Wegen der Corona-Pandemie brechen wir unsere Reise vorzeitig ab. Ab März erreichen uns jeden Tag erschreckende Nachrichten aus Italien, Spanien und Deutschland. Von Tag zu Tag verschlechtert sich die Lage und so starten wir am 13. März ohne Panik, aber zügig Richtung Heimat.

B=Duenas, C=Mézières-sur-Issoire, D=Lahr und E=Northeim

1. Tag

Wir fahren von Manta Rota über Sevilla bis kurz vor Palencia. Gegen 18:00 Uhr erreichen wir den kostenlosen Stellplatz in Dueñas. Nur zum Tanken steigen wir aus, bezahlen beim Automat und vermeiden so jeden Kontakt zu anderen Personen.

2. Tag

Von Dueñas geht es weiter durch die Berge des Baskenlands.

Bei Irun (San Sebastian) fahren wir über die Grenze nach Frankreich. Wir sehen keinerlei Kontrollen.
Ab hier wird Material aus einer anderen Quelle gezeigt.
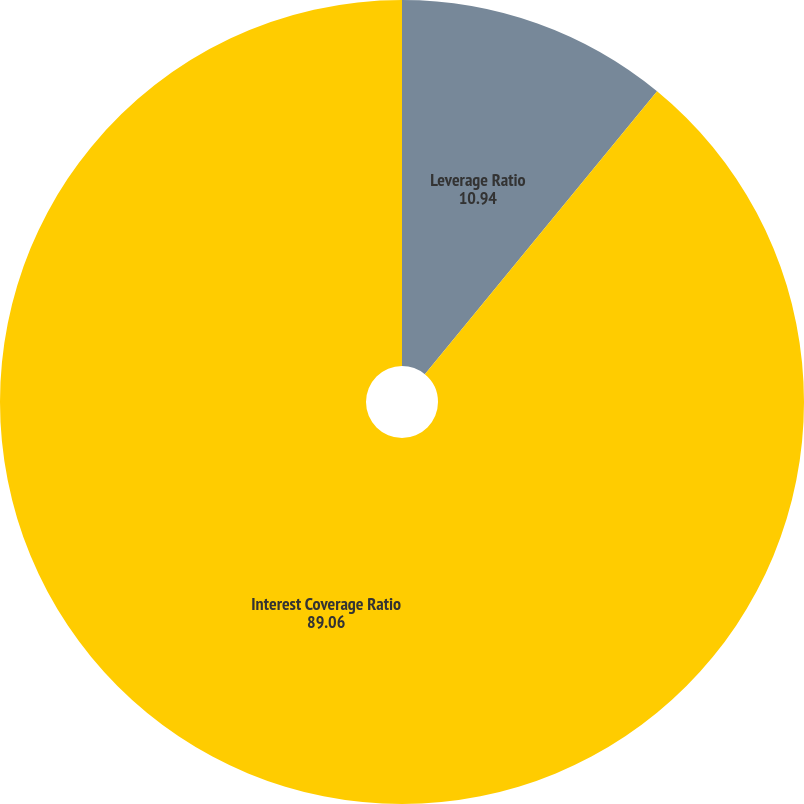<chart> <loc_0><loc_0><loc_500><loc_500><pie_chart><fcel>Leverage Ratio<fcel>Interest Coverage Ratio<nl><fcel>10.94%<fcel>89.06%<nl></chart>

Die nächste Strecke liegt vor uns. Wir tanken wieder 2 x am Automaten und legen eine Pause auf einem Parkplatz ein. Kontakt zu anderen Personen haben wir nicht. In Mézières-sur-Issoire machen wir nach 757km halt und übernachten auf dem kostenlosen Stellplatz mitten im Ort. Mit dem letzten Licht erreichen wir den Platz. Die Plätze sind etwas schräg, aber mit den Unterlegkeilen stehen wir gut. Es ist sehr ruhig, im Ort ist wenig Verkehr und wir sehen keine Menschen.

3. Tag

Wie schon an den Tagen vorher, tanken wir 2 x und machen eine Pause. Auf der ganzen Strecke ist wenig Verkehr. Ein paar Wohnmobile sind unterwegs und LKWs. Auch am Grenzübergang in Mulhouse gibt es keine Probleme. Die Polizei verengt die Fahrbahnen auf eine Spur und im Schritttempo fahren wir an dem Kontrollpunkt vorbei. Niemand fragt woher oder wohin.
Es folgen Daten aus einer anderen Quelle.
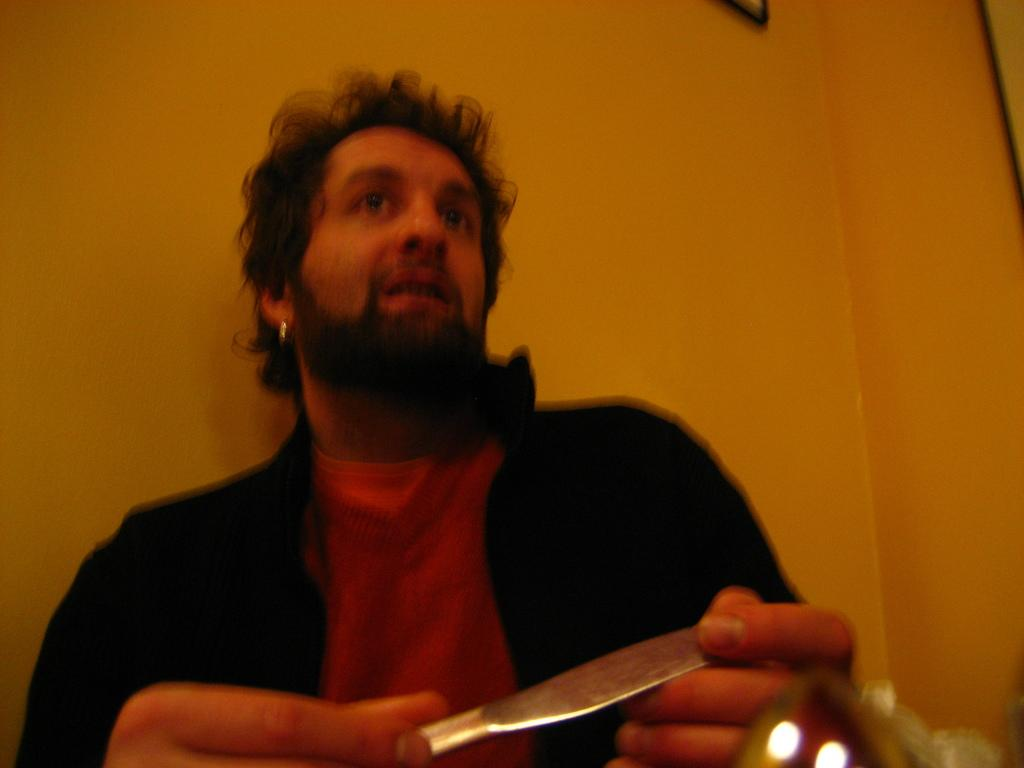What is the person in the image doing? The person is sitting in the image. What object is the person holding in his hand? The person is holding a knife in his hand. What can be seen behind the person in the image? There is a wall visible behind the person. What type of transport is visible in the image? There is no transport visible in the image. What type of rail system is present in the image? There is no rail system present in the image. Where is the person's office located in the image? There is no office present in the image. 
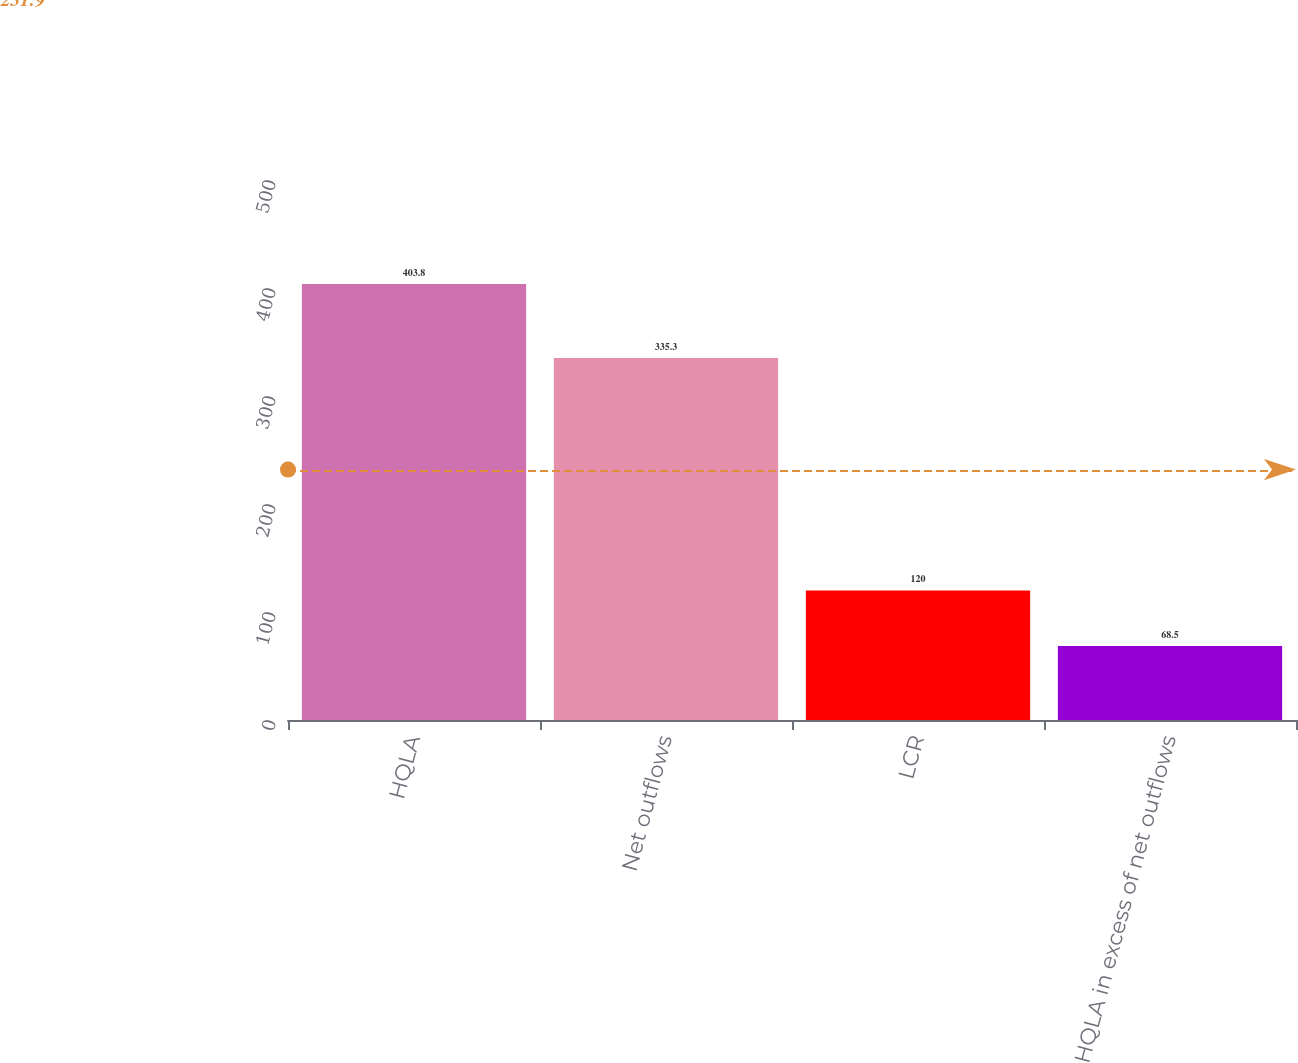Convert chart. <chart><loc_0><loc_0><loc_500><loc_500><bar_chart><fcel>HQLA<fcel>Net outflows<fcel>LCR<fcel>HQLA in excess of net outflows<nl><fcel>403.8<fcel>335.3<fcel>120<fcel>68.5<nl></chart>

Der erste Stellplatz in Ettenheim (Deutschland) ist voll belegt. Wir fahren weiter bis Lahr und erwischen dort den letzten freien Platz. Es ist ein schöner Platz mit V/E und kostet 6€.

Gerne würden wir die Stadt erkunden, aber es ist nicht die Zeit dazu, Corona schickt uns weiter.

4.Tag

Wir schlafen etwas länger als an den letzten Tagen und starten erst gegen 11.00 Uhr. In Kirchheim tanken wir und machen eine Pause. Dann geht es weiter bis Northeim, die Autobahn ist deutlich voller, als in Frankreich und Spanien. An den Northeimer Seen übernachten wir auf dem Stellplatz. Wir machen noch einen Spaziergang am See entlang, wir können kaum noch richtig laufen, die letzten 3 Tage haben wir von morgens bis abends nur gesessen.

5. Tag

Die letzten 280km fahren wir ganz entspannt. Wir sind froh, als wir vor dem Haus parken. Endlich zu Hause.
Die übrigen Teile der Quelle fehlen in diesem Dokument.